In the copy, include exactly the lines from the one with "Instruction: Click where" through the end of the data and no others, both ends kept, with every picture left out.

Records shown START

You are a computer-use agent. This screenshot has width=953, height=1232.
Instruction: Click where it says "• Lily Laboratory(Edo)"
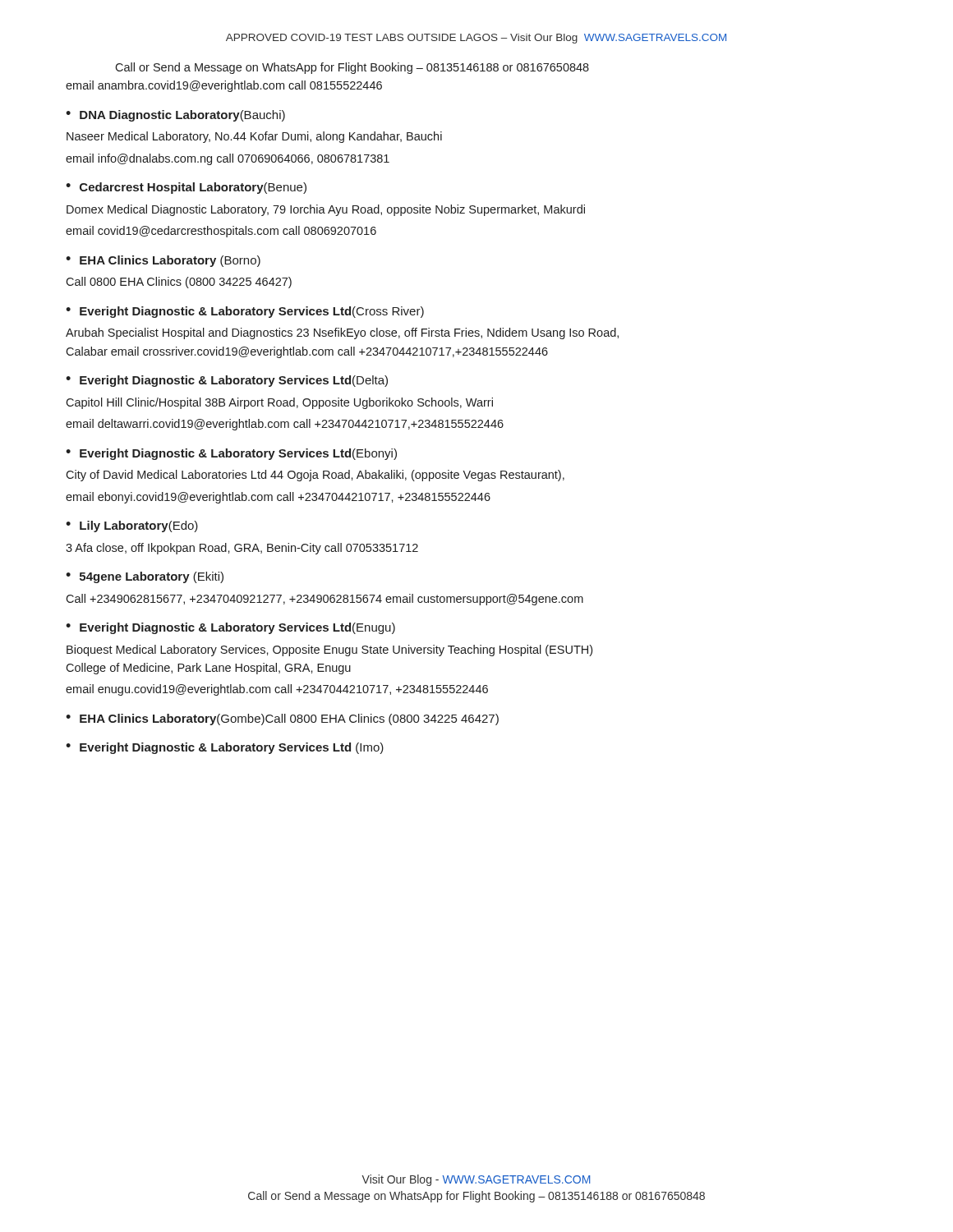coord(132,526)
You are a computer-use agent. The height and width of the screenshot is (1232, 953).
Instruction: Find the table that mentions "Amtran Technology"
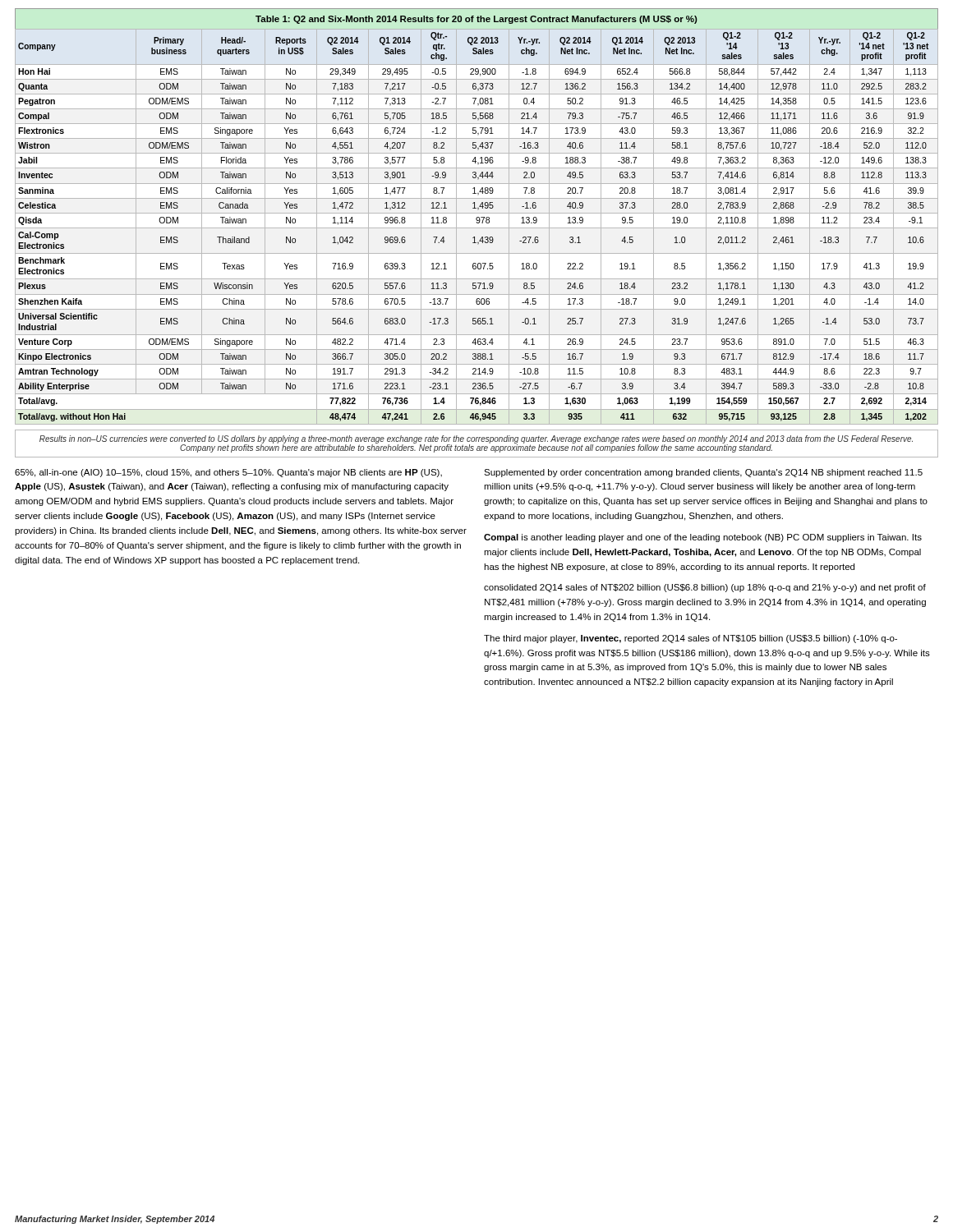[x=476, y=216]
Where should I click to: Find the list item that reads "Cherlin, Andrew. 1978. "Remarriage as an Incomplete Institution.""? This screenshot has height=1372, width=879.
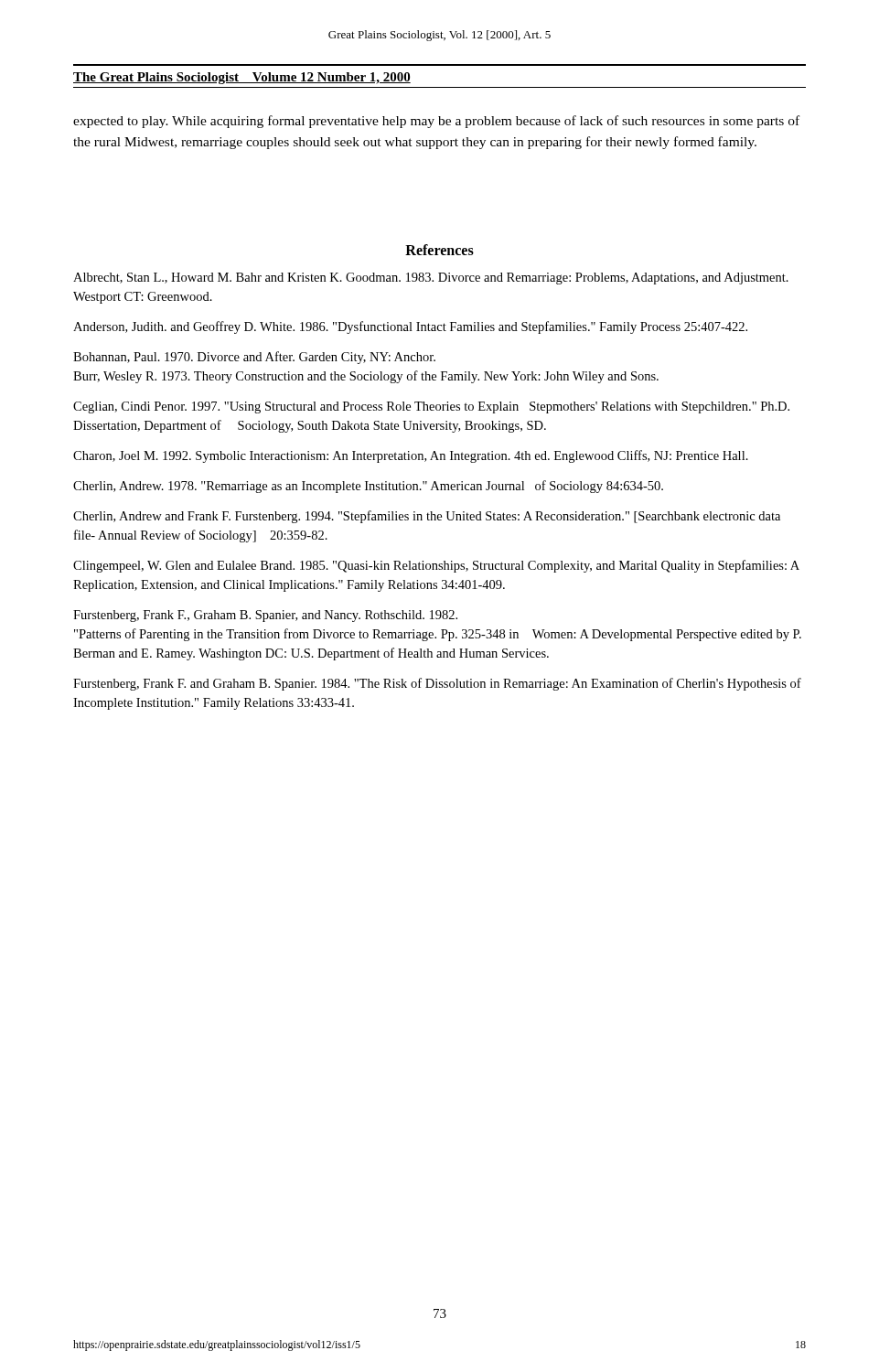[369, 486]

Records shown END

> [Response below]
Instruction: Click where it says "• Lily Laboratory(Edo)"
coord(132,526)
You are a computer-use agent. The height and width of the screenshot is (1232, 953).
Instruction: Find the table that mentions "Amtran Technology"
[x=476, y=216]
Where should I click to: Find the list item that reads "Cherlin, Andrew. 1978. "Remarriage as an Incomplete Institution.""? This screenshot has height=1372, width=879.
[369, 486]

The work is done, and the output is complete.